By: Antonette Kamara

America, while some may feel differently, is a country of immigrants. Firstly, It is disrespectful and irresponsible not to acknowledge how this country came to be, through violent and forceful colonization that killed and displaced millions of indigenous populations. American culture is often to erase and hide, and the true story of the first European colonizers is not discussed widely. The reality is to this day indigenous populations of America have yet to receive proper acknowledgment, reparations, and representation from our political system, and that is something we should all be aware of and actively work towards.

What is a border? In the USA it is in some places a very physical real blockade. In other ways the barriers immigrants face are harder to see, but just as real. The culture, the language, the practice of going about things, all of it, and everywhere you go there is more to learn, and often there is no one to teach you. No one to hold your hand when you come to a new land. A land where those with dark skin are feared and carry generations of pain.

I never personally made the journey across the ocean to America. My mother came from Sierra Leone to Minnesota about 3 years before I was born. My dad came earlier in the 80s and together they made a home for us here. They didn’t have parents or anyone outside of our community to fall back on, which created a drive. A deep desire to make a living and provide for their family not just here but back home as well. Growing up my parents were always working. Always, always working so hard. And they have passed that on to me.

Work and work, hustling, building, and grinding are the anthems for many immigrants. The need to get an education, seize every opportunity, and succeed for not just you but everyone before you. That pressure is a unique and stressful one, but pressure makes diamonds, and we survive.

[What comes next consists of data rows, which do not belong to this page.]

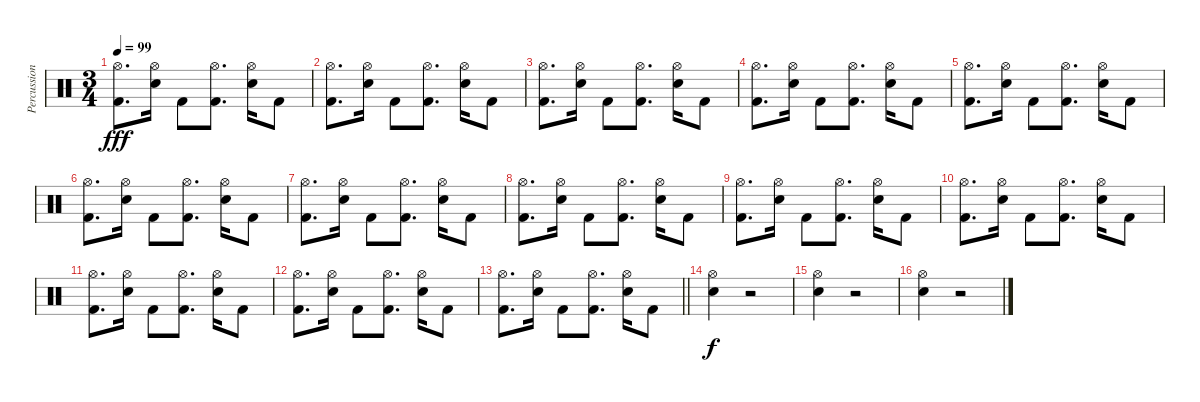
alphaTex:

\track ("Percussion" "Percussion") {instrument percussion}
\staff {score}
\articulation defaults
\ts (3 4)
\tempo 99
\clef neutral
\ks c
("Hi-Hat (open)" "Kick (hit) 2").8{d dy fff} ("Hi-Hat (open)" "Electric Snare (hit)").16 "Kick (hit) 2".8 ("Hi-Hat (open)" "Kick (hit) 2").8{d} ("Hi-Hat (open)" "Electric Snare (hit)").16 "Kick (hit) 2".8 |
("Hi-Hat (open)" "Kick (hit) 2").8{d} ("Hi-Hat (open)" "Electric Snare (hit)").16 "Kick (hit) 2".8 ("Hi-Hat (open)" "Kick (hit) 2").8{d} ("Hi-Hat (open)" "Electric Snare (hit)").16 "Kick (hit) 2".8 |
("Hi-Hat (open)" "Kick (hit) 2").8{d} ("Hi-Hat (open)" "Electric Snare (hit)").16 "Kick (hit) 2".8 ("Hi-Hat (open)" "Kick (hit) 2").8{d} ("Hi-Hat (open)" "Electric Snare (hit)").16 "Kick (hit) 2".8 |
("Hi-Hat (open)" "Kick (hit) 2").8{d} ("Hi-Hat (open)" "Electric Snare (hit)").16 "Kick (hit) 2".8 ("Hi-Hat (open)" "Kick (hit) 2").8{d} ("Hi-Hat (open)" "Electric Snare (hit)").16 "Kick (hit) 2".8 |
("Hi-Hat (open)" "Kick (hit) 2").8{d} ("Hi-Hat (open)" "Electric Snare (hit)").16 "Kick (hit) 2".8 ("Hi-Hat (open)" "Kick (hit) 2").8{d} ("Hi-Hat (open)" "Electric Snare (hit)").16 "Kick (hit) 2".8 |
("Hi-Hat (open)" "Kick (hit) 2").8{d} ("Hi-Hat (open)" "Electric Snare (hit)").16 "Kick (hit) 2".8 ("Hi-Hat (open)" "Kick (hit) 2").8{d} ("Hi-Hat (open)" "Electric Snare (hit)").16 "Kick (hit) 2".8 |
("Hi-Hat (open)" "Kick (hit) 2").8{d} ("Hi-Hat (open)" "Electric Snare (hit)").16 "Kick (hit) 2".8 ("Hi-Hat (open)" "Kick (hit) 2").8{d} ("Hi-Hat (open)" "Electric Snare (hit)").16 "Kick (hit) 2".8 |
("Hi-Hat (open)" "Kick (hit) 2").8{d} ("Hi-Hat (open)" "Electric Snare (hit)").16 "Kick (hit) 2".8 ("Hi-Hat (open)" "Kick (hit) 2").8{d} ("Hi-Hat (open)" "Electric Snare (hit)").16 "Kick (hit) 2".8 |
("Hi-Hat (open)" "Kick (hit) 2").8{d} ("Hi-Hat (open)" "Electric Snare (hit)").16 "Kick (hit) 2".8 ("Hi-Hat (open)" "Kick (hit) 2").8{d} ("Hi-Hat (open)" "Electric Snare (hit)").16 "Kick (hit) 2".8 |
("Hi-Hat (open)" "Kick (hit) 2").8{d} ("Hi-Hat (open)" "Electric Snare (hit)").16 "Kick (hit) 2".8 ("Hi-Hat (open)" "Kick (hit) 2").8{d} ("Hi-Hat (open)" "Electric Snare (hit)").16 "Kick (hit) 2".8 |
("Hi-Hat (open)" "Kick (hit) 2").8{d} ("Hi-Hat (open)" "Electric Snare (hit)").16 "Kick (hit) 2".8 ("Hi-Hat (open)" "Kick (hit) 2").8{d} ("Hi-Hat (open)" "Electric Snare (hit)").16 "Kick (hit) 2".8 |
("Hi-Hat (open)" "Kick (hit) 2").8{d} ("Hi-Hat (open)" "Electric Snare (hit)").16 "Kick (hit) 2".8 ("Hi-Hat (open)" "Kick (hit) 2").8{d} ("Hi-Hat (open)" "Electric Snare (hit)").16 "Kick (hit) 2".8 |
\barLineRight lightlight
("Hi-Hat (open)" "Kick (hit) 2").8{d} ("Hi-Hat (open)" "Electric Snare (hit)").16 "Kick (hit) 2".8 ("Hi-Hat (open)" "Kick (hit) 2").8{d} ("Hi-Hat (open)" "Electric Snare (hit)").16 "Kick (hit) 2".8 |
("Hi-Hat (open)" "Electric Snare (hit)").4{dy f} r.2 |
("Hi-Hat (open)" "Electric Snare (hit)").4 r.2 |
("Hi-Hat (open)" "Electric Snare (hit)").4 r.2

Obviously, every immigrant or first-generation immigrant’s experience is not exactly the same. The world is huge and we come from all over. We are not a monolith although there is a common thread we can all relate to of experiencing the US anew. While it is almost inevitable that many of us embrace aspects of American culture, what we have is special, it is beautiful, and it is important that we keep pride in what we have known for generations. With our different foods, attire, and culture, oftentimes ostracized before being appropriated, it is a similar need to protect and keep traditions alive, away from greedy American hands.

This month, as you reflect on your heritage, I hope you also take the time to rest. I hope you follow where your heart takes you, and know that you are making those that came before you proud. Your very existence carries history, strength, and generations of pride. Know that you are doing well, and enough.